[MDEV-33208] InnoDB: Trying to access update undo rec field 50 in index `PRIMARY` of table NNN but index has only 14 fields Created: 2024-01-10  Updated: 2024-01-18

Status: Needs Feedback
Project: MariaDB Server
Component/s: Storage Engine - InnoDB
Affects Version/s: 10.11.6
Fix Version/s: None

Type: Bug Priority: Major
Reporter: Alex Assignee: Marko Mäkelä
Resolution: Unresolved Votes: 0
Labels: None
Environment:

Linux firefly 4.19.0-25-amd64 #1 SMP Debian 4.19.289-2 (2023-08-08) x86_64 GNU/Linux
10.11.6-MariaDB-1:10.11.6+maria~deb10-log


Issue Links:
Relates
relates to MDEV-33275 buf_flush_LRU(): mysql_mutex_assert_o... Closed

 Description   

Hit this error:

2024-01-09 20:15:31 0 [ERROR] InnoDB: Trying to access update undo rec field 50 in index `PRIMARY` of table `meshok`.`btc_invoice` but index has only 14 fields Submit a detailed bug report to https://jira.mariadb.org/. Run also CHECK TABLE `meshok`.`btc_invoice`. n_fields = 44, i = 0
240109 20:15:31 [ERROR] mysqld got signal 11 ;
Sorry, we probably made a mistake, and this is a bug.

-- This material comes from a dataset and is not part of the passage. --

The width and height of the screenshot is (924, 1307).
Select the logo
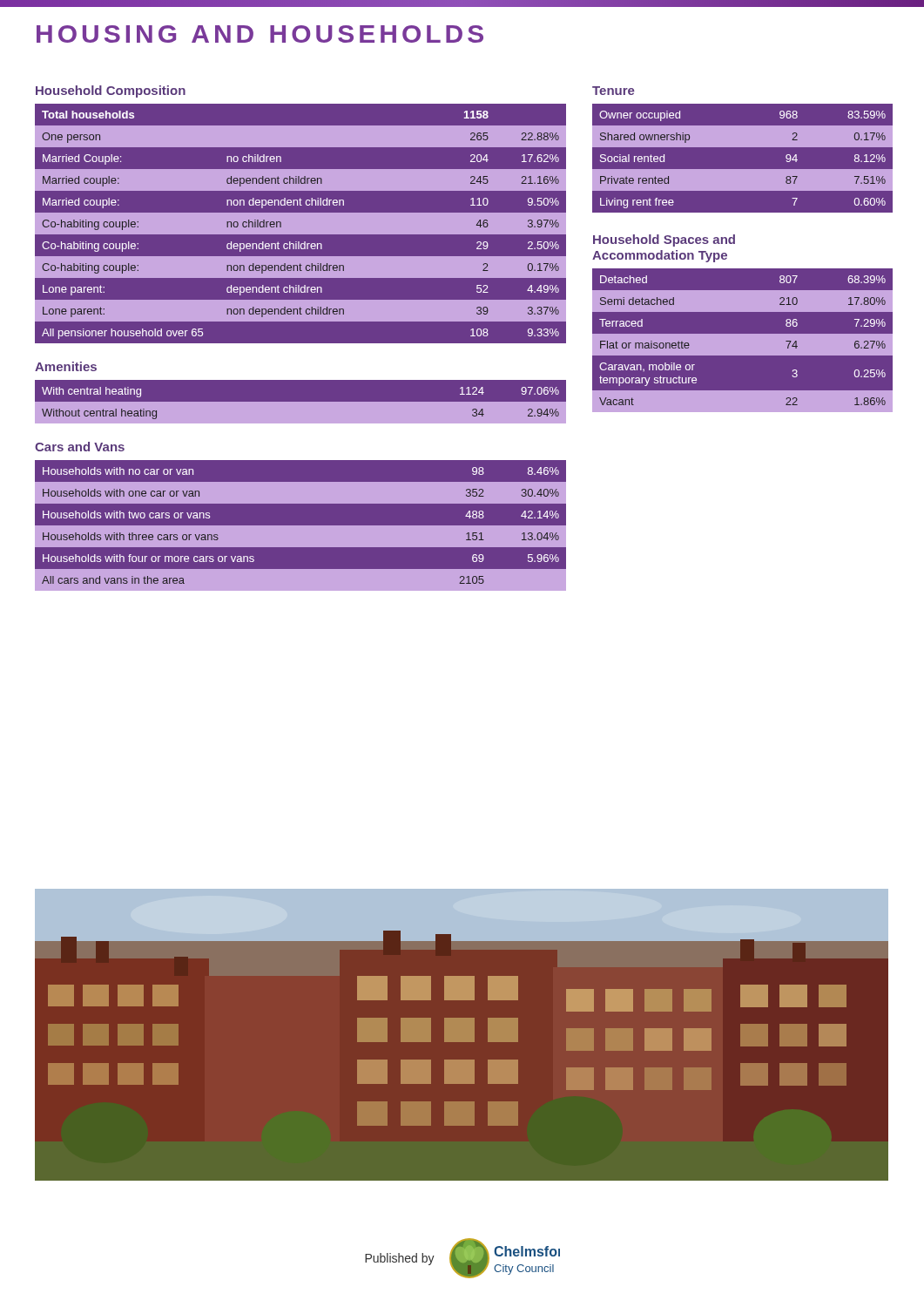[x=503, y=1258]

Your assistance in bug reporting will enable us to fix this for the next release.
To report this bug, see https://mariadb.com/kb/en/reporting-bugs

We will try our best to scrape up some info that will hopefully help
diagnose the problem, but since we have already crashed,
something is definitely wrong and this may fail.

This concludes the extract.